Print the records below exactly, with no pictures.

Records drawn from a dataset
- - - - - - -
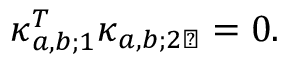<formula> <loc_0><loc_0><loc_500><loc_500>\kappa _ { a , b ; 1 } ^ { T } \kappa _ { a , b ; 2 \perp } = 0 .</formula> 
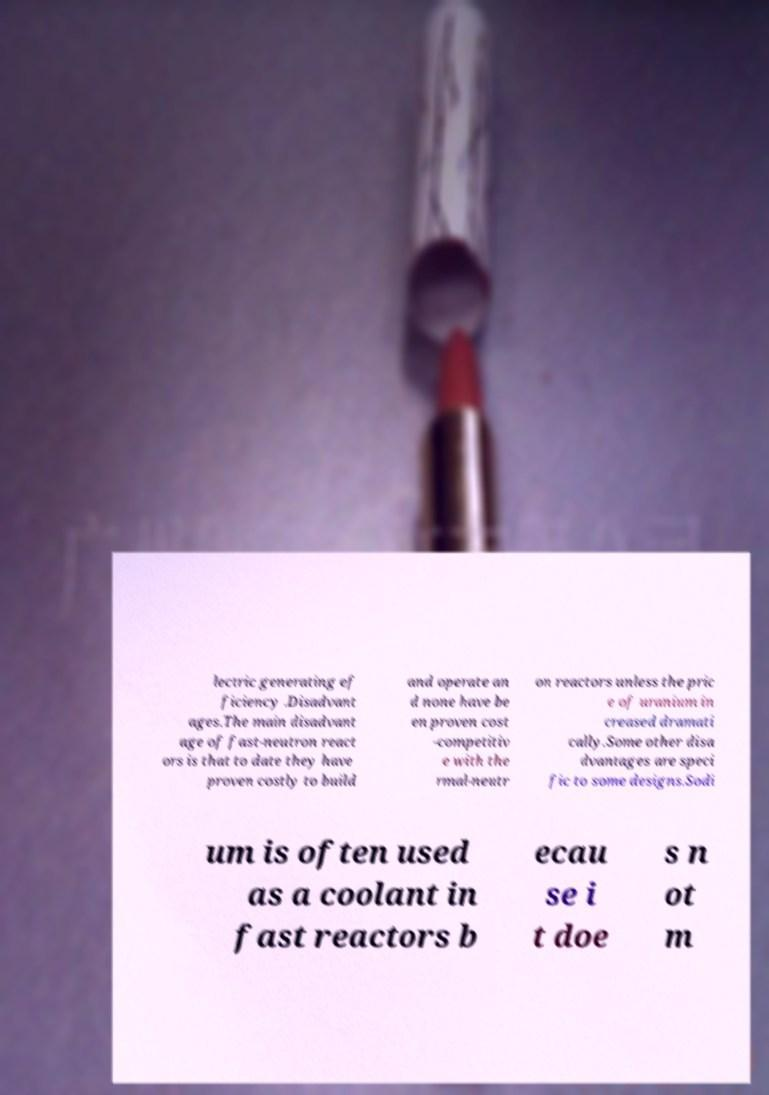What messages or text are displayed in this image? I need them in a readable, typed format. lectric generating ef ficiency .Disadvant ages.The main disadvant age of fast-neutron react ors is that to date they have proven costly to build and operate an d none have be en proven cost -competitiv e with the rmal-neutr on reactors unless the pric e of uranium in creased dramati cally.Some other disa dvantages are speci fic to some designs.Sodi um is often used as a coolant in fast reactors b ecau se i t doe s n ot m 
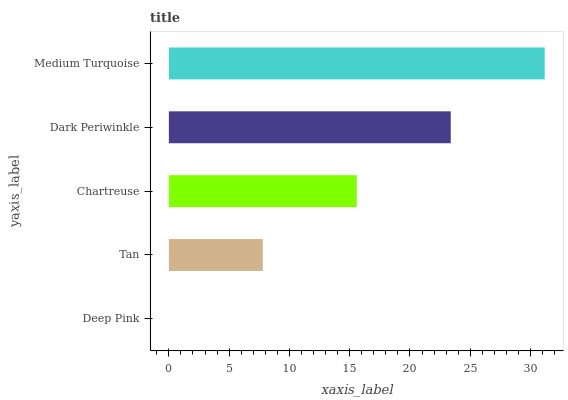Is Deep Pink the minimum?
Answer yes or no. Yes. Is Medium Turquoise the maximum?
Answer yes or no. Yes. Is Tan the minimum?
Answer yes or no. No. Is Tan the maximum?
Answer yes or no. No. Is Tan greater than Deep Pink?
Answer yes or no. Yes. Is Deep Pink less than Tan?
Answer yes or no. Yes. Is Deep Pink greater than Tan?
Answer yes or no. No. Is Tan less than Deep Pink?
Answer yes or no. No. Is Chartreuse the high median?
Answer yes or no. Yes. Is Chartreuse the low median?
Answer yes or no. Yes. Is Deep Pink the high median?
Answer yes or no. No. Is Tan the low median?
Answer yes or no. No. 
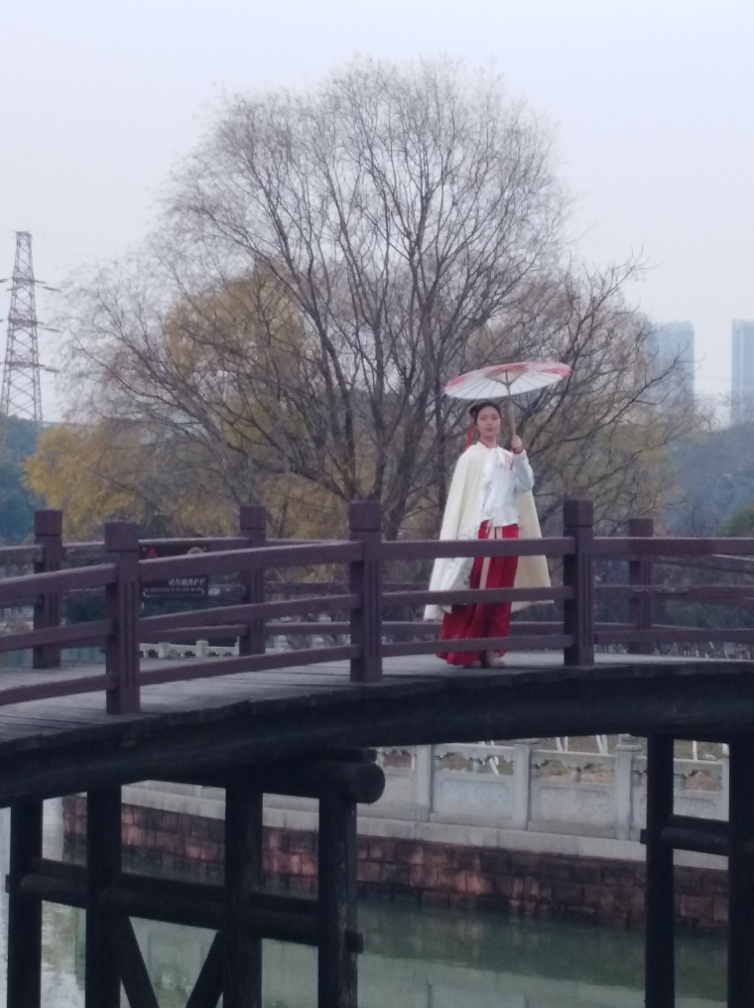Are the texture details of the wooden bridge rich? Yes, the wooden bridge exhibits rich texture details, which can be observed in the varying grain patterns and the natural wear that contributes to its rustic appeal. The texture is accentuated by the contrast between the wood's dark tones and the surrounding lighter elements, such as the water and the railing. 
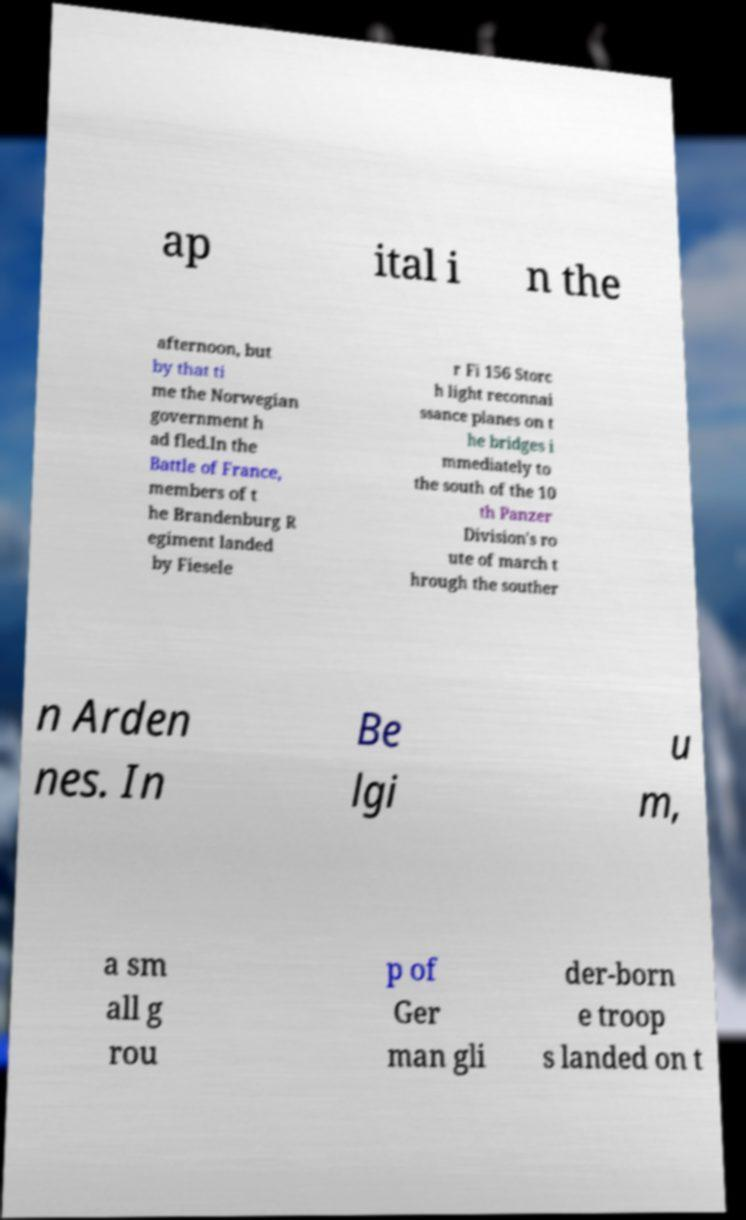For documentation purposes, I need the text within this image transcribed. Could you provide that? ap ital i n the afternoon, but by that ti me the Norwegian government h ad fled.In the Battle of France, members of t he Brandenburg R egiment landed by Fiesele r Fi 156 Storc h light reconnai ssance planes on t he bridges i mmediately to the south of the 10 th Panzer Division's ro ute of march t hrough the souther n Arden nes. In Be lgi u m, a sm all g rou p of Ger man gli der-born e troop s landed on t 
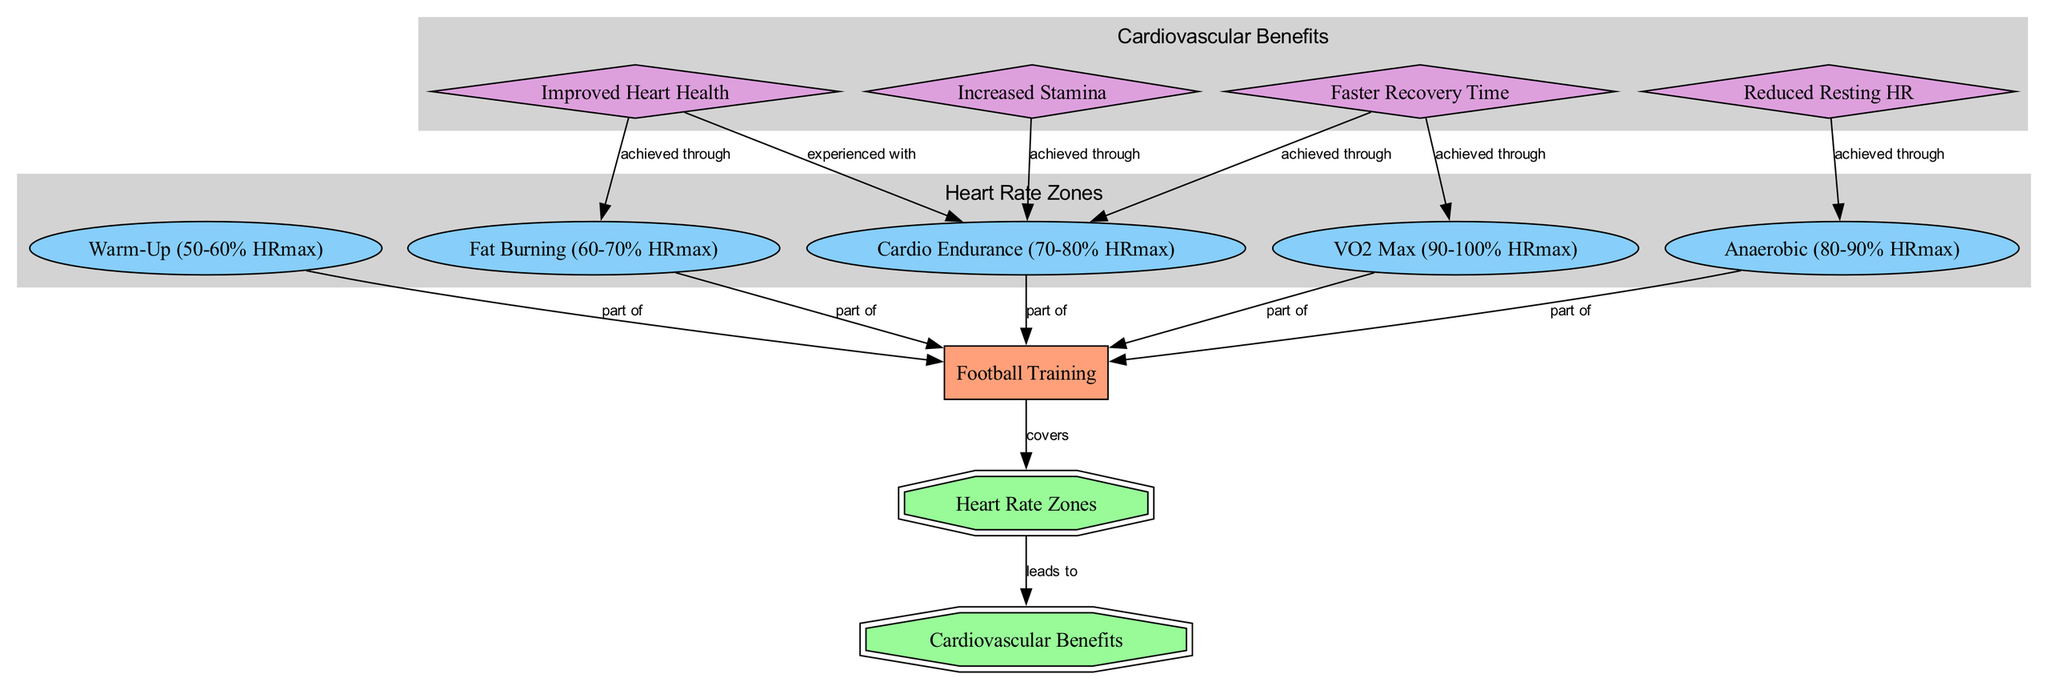What is the main process depicted in the diagram? The main process shown in the diagram is "Football Training," which is the starting point and central theme of the diagram. It is connected to various nodes representing heart rate zones and cardiovascular benefits.
Answer: Football Training How many heart rate zones are represented in the diagram? The diagram showcases a total of five heart rate zones, each represented as a state node under the "Heart Rate Zones" group.
Answer: 5 Which heart rate zone is categorized as the highest intensity? The highest intensity heart rate zone depicted in the diagram is labeled "VO2 Max (90-100% HRmax)," indicating it functions at this peak heart rate range.
Answer: VO2 Max What benefit is achieved through the "Anaerobic" zone? "Reduced Resting HR" is the benefit associated with the "Anaerobic" zone, which is indicated by an edge connecting these two nodes in the diagram.
Answer: Reduced Resting HR Which benefit is linked to both "Fat Burning" and "Cardio Endurance"? The benefit "Improved Heart Health" is linked to both the "Fat Burning" and "Cardio Endurance" zones as seen in the two separate edges from "Improved Heart Health" to these states.
Answer: Improved Heart Health How does "Better Recovery" connect to the heart rate zones? "Better Recovery" is achieved through both the "VO2 Max" and "Cardio Endurance" zones, as shown by edges pointing from these heart rate zones to the "Better Recovery" benefit node.
Answer: VO2 Max, Cardio Endurance In which heart rate zone is "Increased Stamina" specifically achieved? "Increased Stamina" is specifically achieved through the "Cardio Endurance" zone, as indicated by the edge connecting these two nodes in the diagram.
Answer: Cardio Endurance What is the relationship between "Football Training" and "Cardiovascular Benefits"? The relationship is that "Football Training" covers the "Heart Rate Zones," which then leads to the "Cardiovascular Benefits," reflecting a flow of influence from training to benefits.
Answer: leads to Which state directly represents the lower intensity in the heart rate zones? The lower intensity heart rate zone directly represented is "Warm-Up (50-60% HRmax)," as it describes the initial phase of training with the least intensity among the stated zones.
Answer: Warm-Up 
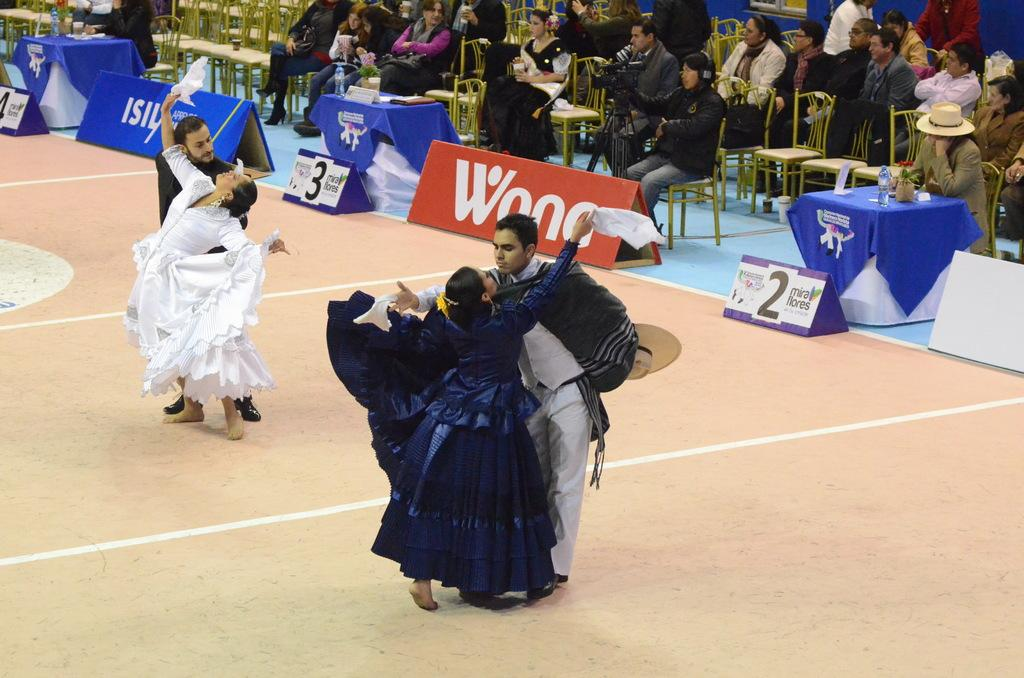What are the people in the image doing? There are persons sitting on chairs and performing on the floor in the image. What type of objects can be seen in the image besides the people? There are advertisement boards, benches, disposal bottles, and flower vases in the image. Can you describe the seating arrangements in the image? There are chairs and benches present in the image. What might be used for holding flowers in the image? There are flower vases in the image for holding flowers. How many horses are visible in the image? There are no horses present in the image. What type of seed can be seen growing in the image? There is no seed growing in the image; it does not contain any plants or vegetation. 
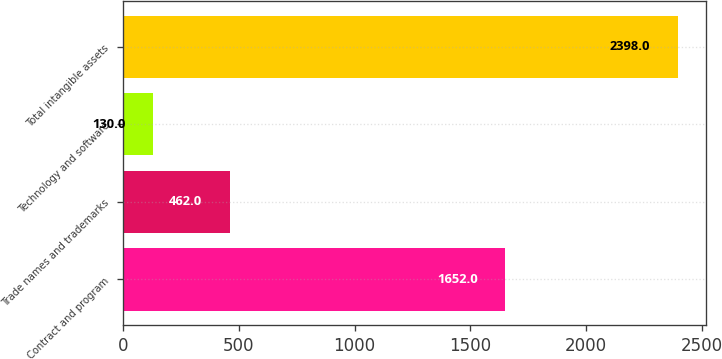Convert chart to OTSL. <chart><loc_0><loc_0><loc_500><loc_500><bar_chart><fcel>Contract and program<fcel>Trade names and trademarks<fcel>Technology and software<fcel>Total intangible assets<nl><fcel>1652<fcel>462<fcel>130<fcel>2398<nl></chart> 
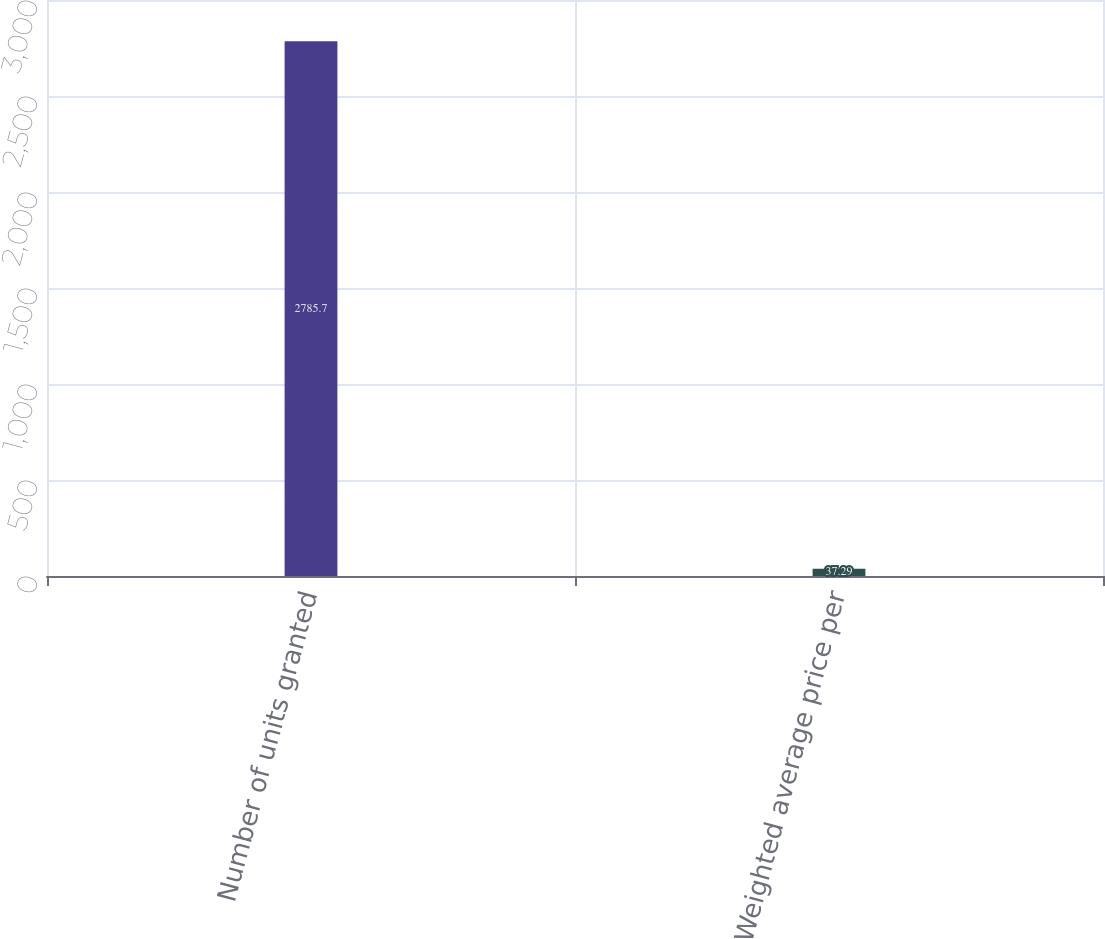Convert chart. <chart><loc_0><loc_0><loc_500><loc_500><bar_chart><fcel>Number of units granted<fcel>Weighted average price per<nl><fcel>2785.7<fcel>37.29<nl></chart> 
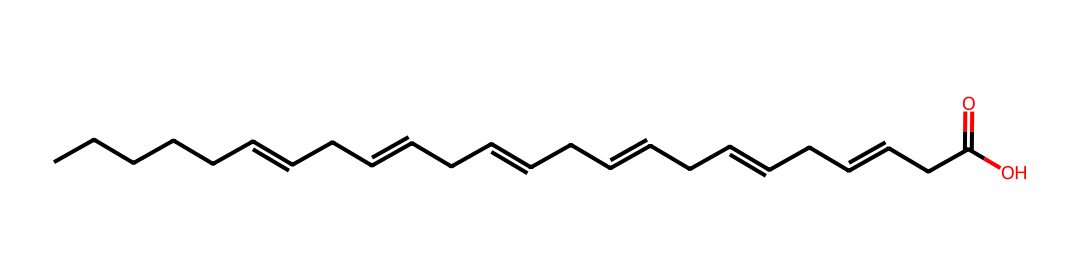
- - - - - - -
Written solution –
<formula> <loc_0><loc_0><loc_500><loc_500>\kappa _ { a , b ; 1 } ^ { T } \kappa _ { a , b ; 2 \perp } = 0 .</formula> 
What messages or text are displayed in this image? I need them in a readable, typed format. lectric generating ef ficiency .Disadvant ages.The main disadvant age of fast-neutron react ors is that to date they have proven costly to build and operate an d none have be en proven cost -competitiv e with the rmal-neutr on reactors unless the pric e of uranium in creased dramati cally.Some other disa dvantages are speci fic to some designs.Sodi um is often used as a coolant in fast reactors b ecau se i t doe s n ot m 
Is Deep Pink the minimum?
Answer yes or no. Yes. Is Medium Turquoise the maximum?
Answer yes or no. Yes. Is Tan the minimum?
Answer yes or no. No. Is Tan the maximum?
Answer yes or no. No. Is Tan greater than Deep Pink?
Answer yes or no. Yes. Is Deep Pink less than Tan?
Answer yes or no. Yes. Is Deep Pink greater than Tan?
Answer yes or no. No. Is Tan less than Deep Pink?
Answer yes or no. No. Is Chartreuse the high median?
Answer yes or no. Yes. Is Chartreuse the low median?
Answer yes or no. Yes. Is Deep Pink the high median?
Answer yes or no. No. Is Tan the low median?
Answer yes or no. No. 
Are the texture details of the wooden bridge rich? Yes, the wooden bridge exhibits rich texture details, which can be observed in the varying grain patterns and the natural wear that contributes to its rustic appeal. The texture is accentuated by the contrast between the wood's dark tones and the surrounding lighter elements, such as the water and the railing. 
For documentation purposes, I need the text within this image transcribed. Could you provide that? ap ital i n the afternoon, but by that ti me the Norwegian government h ad fled.In the Battle of France, members of t he Brandenburg R egiment landed by Fiesele r Fi 156 Storc h light reconnai ssance planes on t he bridges i mmediately to the south of the 10 th Panzer Division's ro ute of march t hrough the souther n Arden nes. In Be lgi u m, a sm all g rou p of Ger man gli der-born e troop s landed on t 
What is the main process depicted in the diagram? The main process shown in the diagram is "Football Training," which is the starting point and central theme of the diagram. It is connected to various nodes representing heart rate zones and cardiovascular benefits.
Answer: Football Training How many heart rate zones are represented in the diagram? The diagram showcases a total of five heart rate zones, each represented as a state node under the "Heart Rate Zones" group.
Answer: 5 Which heart rate zone is categorized as the highest intensity? The highest intensity heart rate zone depicted in the diagram is labeled "VO2 Max (90-100% HRmax)," indicating it functions at this peak heart rate range.
Answer: VO2 Max What benefit is achieved through the "Anaerobic" zone? "Reduced Resting HR" is the benefit associated with the "Anaerobic" zone, which is indicated by an edge connecting these two nodes in the diagram.
Answer: Reduced Resting HR Which benefit is linked to both "Fat Burning" and "Cardio Endurance"? The benefit "Improved Heart Health" is linked to both the "Fat Burning" and "Cardio Endurance" zones as seen in the two separate edges from "Improved Heart Health" to these states.
Answer: Improved Heart Health How does "Better Recovery" connect to the heart rate zones? "Better Recovery" is achieved through both the "VO2 Max" and "Cardio Endurance" zones, as shown by edges pointing from these heart rate zones to the "Better Recovery" benefit node.
Answer: VO2 Max, Cardio Endurance In which heart rate zone is "Increased Stamina" specifically achieved? "Increased Stamina" is specifically achieved through the "Cardio Endurance" zone, as indicated by the edge connecting these two nodes in the diagram.
Answer: Cardio Endurance What is the relationship between "Football Training" and "Cardiovascular Benefits"? The relationship is that "Football Training" covers the "Heart Rate Zones," which then leads to the "Cardiovascular Benefits," reflecting a flow of influence from training to benefits.
Answer: leads to Which state directly represents the lower intensity in the heart rate zones? The lower intensity heart rate zone directly represented is "Warm-Up (50-60% HRmax)," as it describes the initial phase of training with the least intensity among the stated zones.
Answer: Warm-Up 
What are the people in the image doing? There are persons sitting on chairs and performing on the floor in the image. What type of objects can be seen in the image besides the people? There are advertisement boards, benches, disposal bottles, and flower vases in the image. Can you describe the seating arrangements in the image? There are chairs and benches present in the image. What might be used for holding flowers in the image? There are flower vases in the image for holding flowers. How many horses are visible in the image? There are no horses present in the image. What type of seed can be seen growing in the image? There is no seed growing in the image; it does not contain any plants or vegetation. 
Convert chart to OTSL. <chart><loc_0><loc_0><loc_500><loc_500><bar_chart><fcel>Contract and program<fcel>Trade names and trademarks<fcel>Technology and software<fcel>Total intangible assets<nl><fcel>1652<fcel>462<fcel>130<fcel>2398<nl></chart> 
Convert chart. <chart><loc_0><loc_0><loc_500><loc_500><bar_chart><fcel>Number of units granted<fcel>Weighted average price per<nl><fcel>2785.7<fcel>37.29<nl></chart> 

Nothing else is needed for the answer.